Department of Radiation Oncology, Changzhou Tumor Hospital Soochow University, Changzhou 213002, Jiangsu Province, China.
J Gastrointest Surg. 2013 Jul;17(7):1181-7. doi: 10.1007/s11605-013-2204-7. Epub 2013 Apr 23.
Small cell carcinoma of esophagus (SCEC) is characterized by high malignancy and early metastasis. Although the morbidity of SCEC is very low, few studies of patients with SCEC have been conducted in China, there are no sufficient studies of SCEC conducted and reported in the existing published works, and the choices of treatment remain controversial. In this work, we aim to study the clinical characteristics of SCEC, and explore the corresponding treatment and prognosis through retrospective analysis.
The original articles were identified through the leading digital libraries in China in which the terms "esophagus or esophageal" and "small cell esophageal carcinoma" appeared from 2005 to 2009, 1,176 eligible cases were reviewed for clinical data. Analysis of survival was conducted using the Kaplan-Meier method, and differences were compared using the log-rank test.
One thousand one hundred seventy-six eligible cases were analyzed; the median age of patients was 57 years, with a male-to-female ratio of 2.4:1. The number of SCEC accounted for 1.26 % of esophageal cancer treated in the same period. Of the tumors, 89.7 % were located in mid- and lower thoracic esophagus. The average tumor length was 5.4 cm (0.5-17 cm).
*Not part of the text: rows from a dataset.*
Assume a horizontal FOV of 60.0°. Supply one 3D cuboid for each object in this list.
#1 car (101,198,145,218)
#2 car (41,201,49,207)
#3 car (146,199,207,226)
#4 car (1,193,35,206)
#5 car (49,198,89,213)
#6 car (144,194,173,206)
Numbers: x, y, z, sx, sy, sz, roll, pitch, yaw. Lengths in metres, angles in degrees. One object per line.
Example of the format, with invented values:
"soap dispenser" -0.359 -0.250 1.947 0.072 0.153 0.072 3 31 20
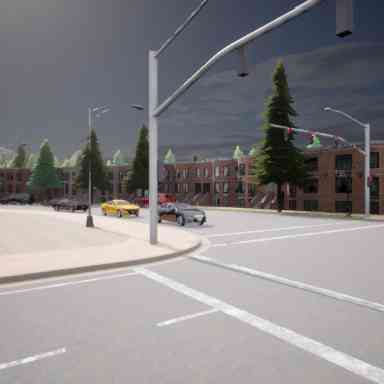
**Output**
"car" -6.711 1.481 30.914 1.882 1.535 5.008 0 0 -40
"car" -19.997 1.550 49.818 5.357 1.411 2.033 0 0 22
"car" -0.959 1.495 23.350 2.128 1.511 4.902 0 0 -36
"car" -29.297 1.217 56.063 5.566 2.045 2.150 -1 0 10
"car" -13.881 1.604 37.977 4.718 1.301 1.895 0 0 37
"car" -4.902 1.228 44.486 5.566 2.045 2.150 0 0 41
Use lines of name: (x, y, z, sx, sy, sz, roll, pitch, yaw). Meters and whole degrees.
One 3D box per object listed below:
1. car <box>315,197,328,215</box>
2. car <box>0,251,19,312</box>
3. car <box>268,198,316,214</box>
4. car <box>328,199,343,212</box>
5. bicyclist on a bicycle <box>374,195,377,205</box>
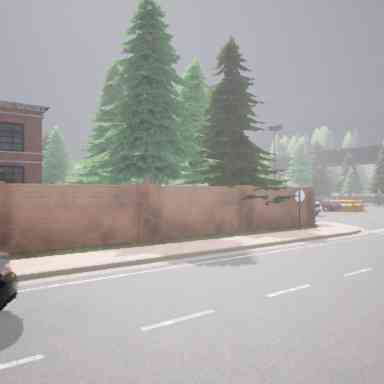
car: (9.912, 1.222, 32.602, 2.150, 2.045, 5.566, 0, 0, -35)
car: (-5.160, 1.491, 4.606, 4.902, 1.511, 2.128, 0, 0, -35)
car: (11.046, 1.491, 37.064, 2.128, 1.511, 4.902, 0, 0, -35)
car: (14.749, 1.352, 37.889, 2.097, 1.767, 4.553, 0, 0, -35)
bicyclist on a bicycle: (30.122, 1.300, 54.233, 1.656, 1.620, 0.582, 0, 0, -35)
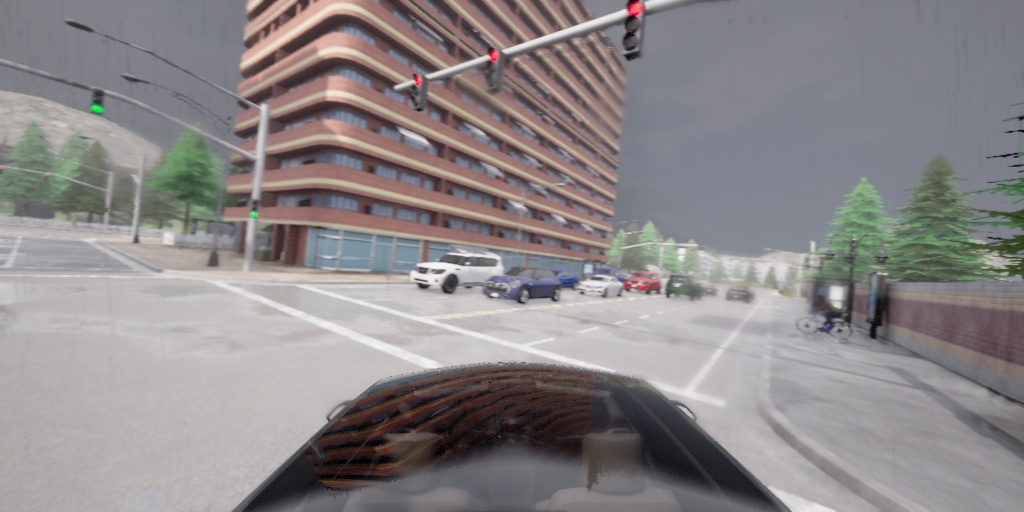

The median overall survival was 11.1 months for all patients. The 1-, 2-, 3-, and 5-year average overall survival rates of 469 patients was 51.1, 25.5, 13.2, 7.9 %, respectively. The median survival time for LD patients who received systemic treatment was 16.8 m, whereas for those who received local treatment (surgery), the median survival time was 10.1 m; the median survival time for ED patients who received systemic treatment was 7.4 m, compared with 5.8 m for those who received sole treatment (chemotherapy or radiotherapy).
SCEC is a tumor characterized by high malignancy and early metastasis. Although our retrospective analysis cannot provide definitive conclusions on the optimal treatment modality for SCEC, however, our results suggest that systemic treatment combined with surgical resection plays a major role in the therapy of SCEC, systemic therapy may be an effective approach for the treatment of SCEC, and randomized, prospective, multicenter studies are needed to identify optimal treatment modalities for SCEC.
食管小细胞癌(SCEC)的特点是恶性程度高,转移早。虽然 SCEC 的发病率非常低,但中国对 SCEC 患者的研究很少,现有文献中也没有足够的 SCEC 研究报道,治疗选择仍存在争议。本研究旨在通过回顾性分析,研究 SCEC 的临床特征,并探讨相应的治疗和预后。
通过中国主要数字图书馆检索 2005 年至 2009 年间出现“食管或食管”和“食管小细胞癌”的原始文章,共回顾了 1176 例符合条件的病例进行临床数据分析。采用 Kaplan-Meier 法进行生存分析,采用对数秩检验比较差异。
分析了 1176 例符合条件的病例;患者的中位年龄为 57 岁,男女比例为 2.4:1。SCEC 数量占同期食管癌治疗的 1.26%。肿瘤中,89.7%位于中下段食管。平均肿瘤长度为 5.4cm(0.5-17cm)。所有患者的中位总生存期为 11.1 个月。469 例患者的 1、2、3、5 年总生存率分别为 51.1%、25.5%、13.2%、7.9%。接受全身治疗的 LD 患者的中位生存时间为 16.8m,而接受局部治疗(手术)的患者中位生存时间为 10.1m;接受全身治疗的 ED 患者的中位生存时间为 7.4m,而仅接受化疗或放疗的患者的中位生存时间为 5.8m。
SCEC 是一种恶性程度高、转移早的肿瘤。虽然我们的回顾性分析不能为 SCEC 的最佳治疗方式提供明确的结论,但我们的结果表明,全身治疗联合手术切除在 SCEC 的治疗中起主要作用,全身治疗可能是治疗 SCEC 的有效方法,需要进行随机、前瞻性、多中心研究以确定 SCEC 的最佳治疗方式。